Graph algorithms are uniquely suited to understanding structures and revealing patterns in datasets that are highly connected. Nowhere is the connectivity and interactivity so apparent than in big data. The amount of information that has been brought together, commingled, and dynamically updated is impressive. This is where graph algorithms can help make sense of our volumes of data: for both sophisticated analytics of the graph and to improve artificial intelligence by fuelling our models with structural context.
Scientists that study the growth of networks have noted that connectivity increases over time, but not uniformly. Preferential attachment is one theory on how the dynamics of growth impact structure. This idea, illustrated in Figure 1-6, describes the tendency of a node to link to other nodes that already have a lot of connections.
Regardless of the underlying causes, many researchers believe that how a network develops is inseparable from their resulting shapes and hierarchies.

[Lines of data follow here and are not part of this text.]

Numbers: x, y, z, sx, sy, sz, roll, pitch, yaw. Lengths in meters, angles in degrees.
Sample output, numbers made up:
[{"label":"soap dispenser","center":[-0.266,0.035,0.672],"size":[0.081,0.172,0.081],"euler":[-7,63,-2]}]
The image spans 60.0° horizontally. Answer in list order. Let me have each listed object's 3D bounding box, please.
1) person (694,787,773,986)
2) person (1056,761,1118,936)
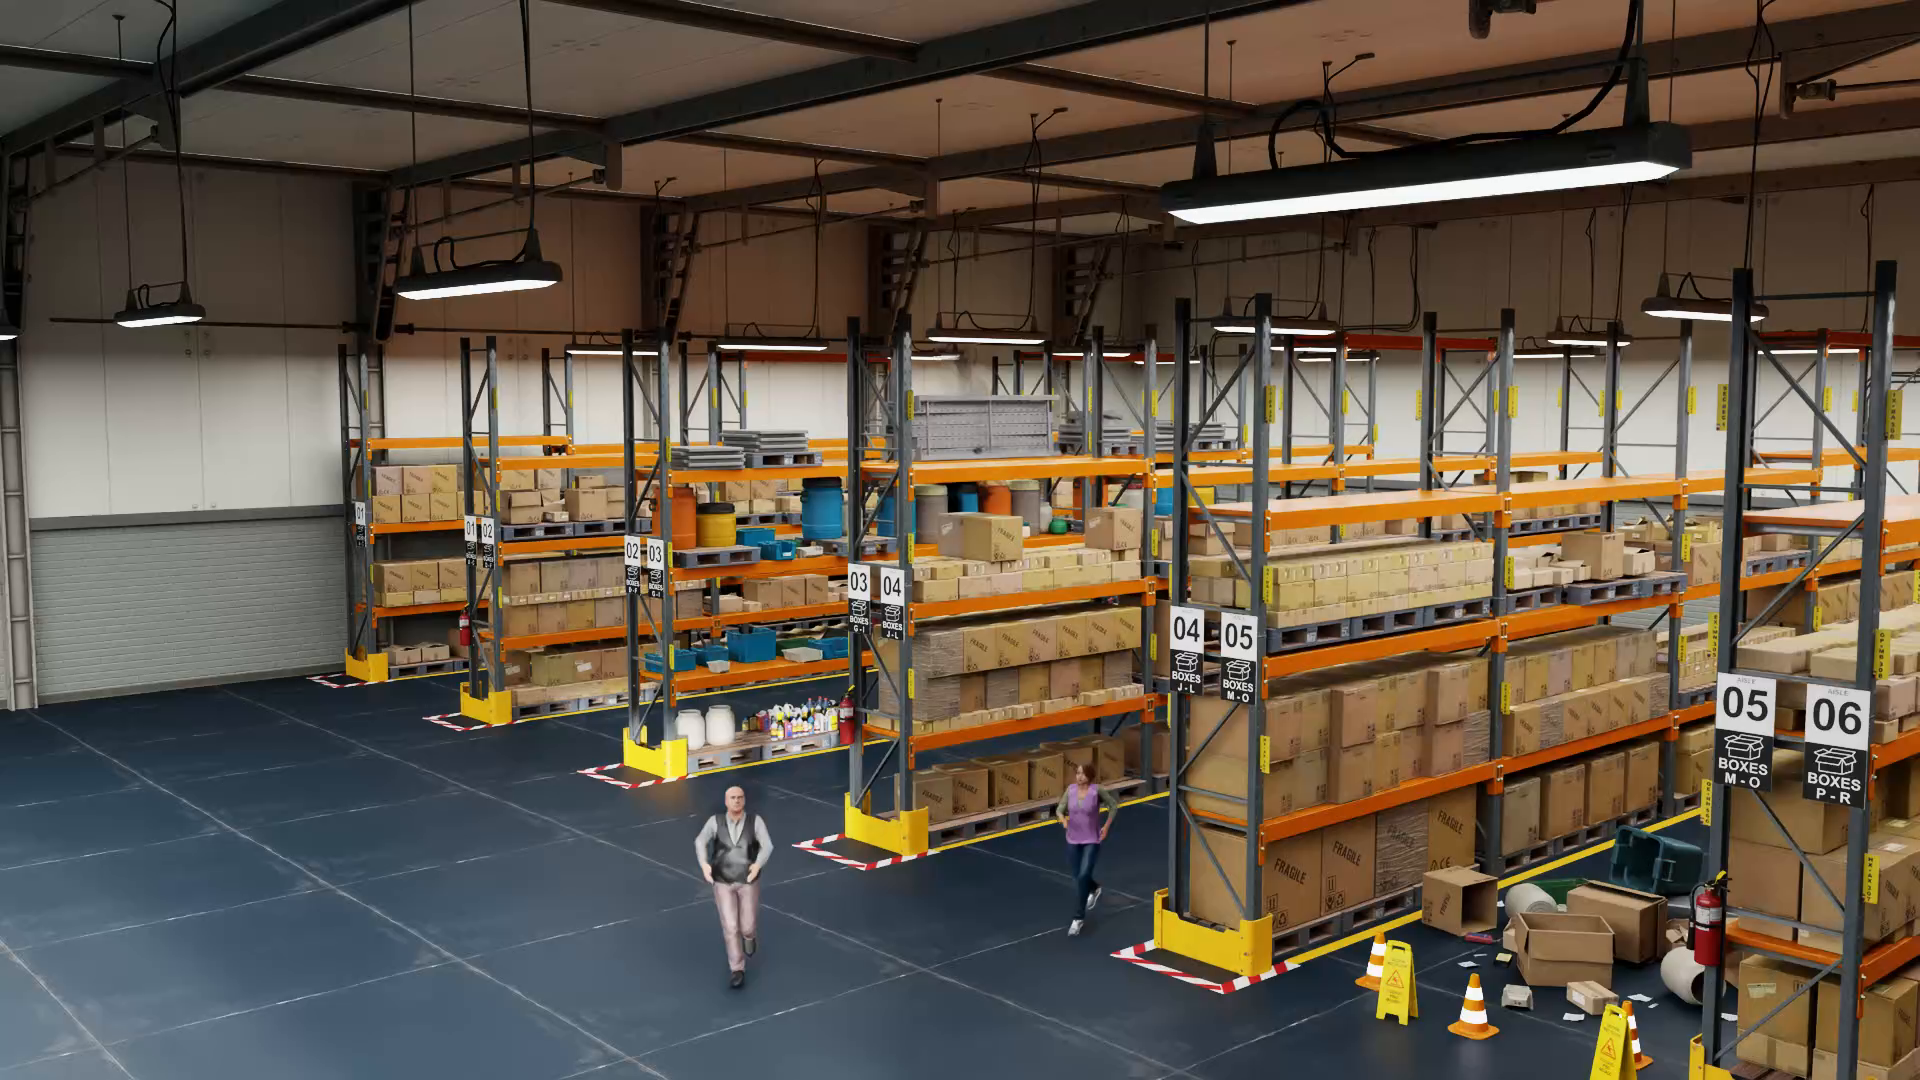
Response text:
[{"label":"person","center":[-1.993,3.013,14.682],"size":[0.691,1.692,0.783],"euler":[-1,5,-9]},{"label":"person","center":[1.207,2.937,16.084],"size":[0.577,1.629,0.793],"euler":[2,6,24]}]

Highly dense groups and lumpy data networks tend to develop, in effect growing both data size and its complexity. Trying to “average out” the network, in general, won’t work well for investigating relationships. We see this clustering of relationships in most real-world networks today from the internet to social networks such as a gaming community shown in Figure 1-7.
This is significantly different than what an average distribution model would predict, where most nodes would have the same number of connections. For instance, if the World Wide Web had an average distribution of connections, all pages would have about the same number of links coming in and going out. Average distribution models assert that most nodes are equally connected but many types of graphs and many real networks exhibit concentrations. The Web, in common with graphs like travel and social networks, has a power-law distribution with few nodes being highly connected and most nodes being modestly connected.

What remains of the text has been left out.